FIG. 5 is a flow diagram illustrating a touch operating method of a touch apparatus according to an exemplary embodiment of the disclosure.

FIG. 6 is a flow diagram illustrating a touch operating method of a touch apparatus according to another exemplary embodiment of the disclosure.

DESCRIPTION OF EMBODIMENT

Reference will now be made in detail to the present preferred embodiments of the invention, examples of which are illustrated in the accompanying drawings. Wherever possible, the same reference numbers are used in the drawings and the description to refer to the same or like parts.

FIG. 1 is a block diagram illustrating a touch apparatus according to an exemplary embodiment of the disclosure. With reference to FIG. 1, the touch apparatus includes a touch sensing unit 102, a storage unit 104 and a control unit 106, where the control unit 106 is coupled to the touch sensing unit 102 and the storage unit 104. In the embodiment, the touch apparatus is, for example, a capacitive touch panel. However, the disclosure is not limited thereto, the touch apparatus may be a resistive touch panel. Furthermore, in the present embodiment, the touch sensing unit 102 is a smallest unit for sensing a touch event in the touch apparatus, where the touch apparatus may include a plurality of touch sensing unit 102. However, the disclosure is not limited thereto. In other exemplary embodiments, the touch sensing unit 102 may include a plurality of minimum units that executes touch detection.

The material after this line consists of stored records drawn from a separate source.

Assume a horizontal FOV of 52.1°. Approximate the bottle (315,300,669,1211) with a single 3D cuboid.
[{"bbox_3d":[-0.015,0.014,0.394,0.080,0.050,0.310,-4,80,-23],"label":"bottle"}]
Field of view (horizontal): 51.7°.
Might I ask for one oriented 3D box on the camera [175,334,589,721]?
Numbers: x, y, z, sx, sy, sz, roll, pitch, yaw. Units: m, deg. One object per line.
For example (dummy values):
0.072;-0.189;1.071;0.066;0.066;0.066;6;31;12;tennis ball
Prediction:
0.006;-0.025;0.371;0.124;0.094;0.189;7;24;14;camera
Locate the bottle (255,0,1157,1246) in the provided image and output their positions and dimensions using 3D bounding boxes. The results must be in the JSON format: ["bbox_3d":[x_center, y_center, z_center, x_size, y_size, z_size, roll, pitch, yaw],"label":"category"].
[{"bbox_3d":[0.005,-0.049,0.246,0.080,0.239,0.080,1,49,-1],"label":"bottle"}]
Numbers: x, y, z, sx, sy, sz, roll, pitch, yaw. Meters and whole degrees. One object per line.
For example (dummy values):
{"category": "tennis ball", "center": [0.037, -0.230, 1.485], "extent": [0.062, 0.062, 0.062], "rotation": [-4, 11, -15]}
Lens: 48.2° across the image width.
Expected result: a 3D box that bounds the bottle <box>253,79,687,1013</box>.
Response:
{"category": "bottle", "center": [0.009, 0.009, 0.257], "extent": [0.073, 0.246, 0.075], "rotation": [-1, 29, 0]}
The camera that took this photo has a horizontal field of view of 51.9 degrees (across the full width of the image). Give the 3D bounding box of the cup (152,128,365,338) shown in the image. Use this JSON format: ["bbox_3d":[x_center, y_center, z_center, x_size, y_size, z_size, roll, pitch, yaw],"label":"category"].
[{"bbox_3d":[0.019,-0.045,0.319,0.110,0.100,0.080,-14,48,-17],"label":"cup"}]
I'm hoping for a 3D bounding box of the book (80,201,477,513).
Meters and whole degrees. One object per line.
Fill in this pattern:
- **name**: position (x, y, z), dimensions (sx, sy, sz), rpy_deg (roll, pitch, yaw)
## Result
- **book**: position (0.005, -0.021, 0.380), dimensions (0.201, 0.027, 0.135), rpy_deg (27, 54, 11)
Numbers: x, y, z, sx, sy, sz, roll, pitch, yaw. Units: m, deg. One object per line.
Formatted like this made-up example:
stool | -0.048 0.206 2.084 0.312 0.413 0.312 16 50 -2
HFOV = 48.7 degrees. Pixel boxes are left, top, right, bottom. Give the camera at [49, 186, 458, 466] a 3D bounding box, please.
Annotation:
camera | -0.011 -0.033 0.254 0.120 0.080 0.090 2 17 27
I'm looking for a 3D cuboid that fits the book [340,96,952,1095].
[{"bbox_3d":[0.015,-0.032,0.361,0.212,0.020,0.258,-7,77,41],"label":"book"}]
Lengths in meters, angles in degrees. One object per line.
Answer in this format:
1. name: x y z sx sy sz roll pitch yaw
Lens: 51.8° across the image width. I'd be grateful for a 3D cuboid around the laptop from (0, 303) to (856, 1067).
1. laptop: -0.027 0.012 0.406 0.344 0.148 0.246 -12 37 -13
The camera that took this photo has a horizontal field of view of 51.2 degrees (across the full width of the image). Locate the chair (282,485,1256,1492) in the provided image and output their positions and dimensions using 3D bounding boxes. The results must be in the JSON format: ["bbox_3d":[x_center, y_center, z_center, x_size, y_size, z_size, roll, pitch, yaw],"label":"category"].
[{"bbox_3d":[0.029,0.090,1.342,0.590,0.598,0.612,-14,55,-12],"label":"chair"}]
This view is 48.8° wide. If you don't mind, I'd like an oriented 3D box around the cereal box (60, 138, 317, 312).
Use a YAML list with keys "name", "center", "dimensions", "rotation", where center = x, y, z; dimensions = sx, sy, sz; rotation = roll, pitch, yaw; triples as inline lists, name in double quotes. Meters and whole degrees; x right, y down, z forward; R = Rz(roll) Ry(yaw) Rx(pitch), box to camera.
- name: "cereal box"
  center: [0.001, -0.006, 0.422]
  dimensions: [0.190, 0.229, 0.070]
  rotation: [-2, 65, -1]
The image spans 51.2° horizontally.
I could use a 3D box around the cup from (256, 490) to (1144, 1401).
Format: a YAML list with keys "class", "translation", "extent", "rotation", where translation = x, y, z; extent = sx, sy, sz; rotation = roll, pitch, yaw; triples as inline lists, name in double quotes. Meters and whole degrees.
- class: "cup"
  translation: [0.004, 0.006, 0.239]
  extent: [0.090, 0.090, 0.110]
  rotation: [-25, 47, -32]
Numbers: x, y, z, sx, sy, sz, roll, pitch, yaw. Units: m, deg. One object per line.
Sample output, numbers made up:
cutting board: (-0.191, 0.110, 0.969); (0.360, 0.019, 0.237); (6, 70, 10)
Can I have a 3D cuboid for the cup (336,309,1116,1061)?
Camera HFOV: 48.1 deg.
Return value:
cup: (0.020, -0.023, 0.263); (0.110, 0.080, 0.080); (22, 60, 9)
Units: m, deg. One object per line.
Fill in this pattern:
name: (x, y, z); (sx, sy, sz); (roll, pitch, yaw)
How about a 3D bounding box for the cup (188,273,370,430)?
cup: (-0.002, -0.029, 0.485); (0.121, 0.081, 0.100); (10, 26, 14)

The touch sensing unit 102 is configured to generate a plurality of sensing values for different touch sensing periods. The storage unit 104 is configured to store the sensing values. According to a plurality of differences between the sensing values of the adjacent touch sensing periods within a predetermined period, the control unit 106 may determine whether a sensing result of the touch sensing unit 102 is interfered by noises. If the sensing result is under the influence of noise interference, a touch detection operating frequency of the touch apparatus is adjusted to avoid noise interference on the sensing result, so as to enhance the touch performance of the touch apparatus. It should be noted that the sensing values may be generated by at least one of a corresponding noise interference or a touch operation of an input device. The input device may be a finger or a stylus, however, the disclosure is not limited thereto. The noise interference may be noises coming from a power supply end or a ground end, however, the disclosure is not limited thereto.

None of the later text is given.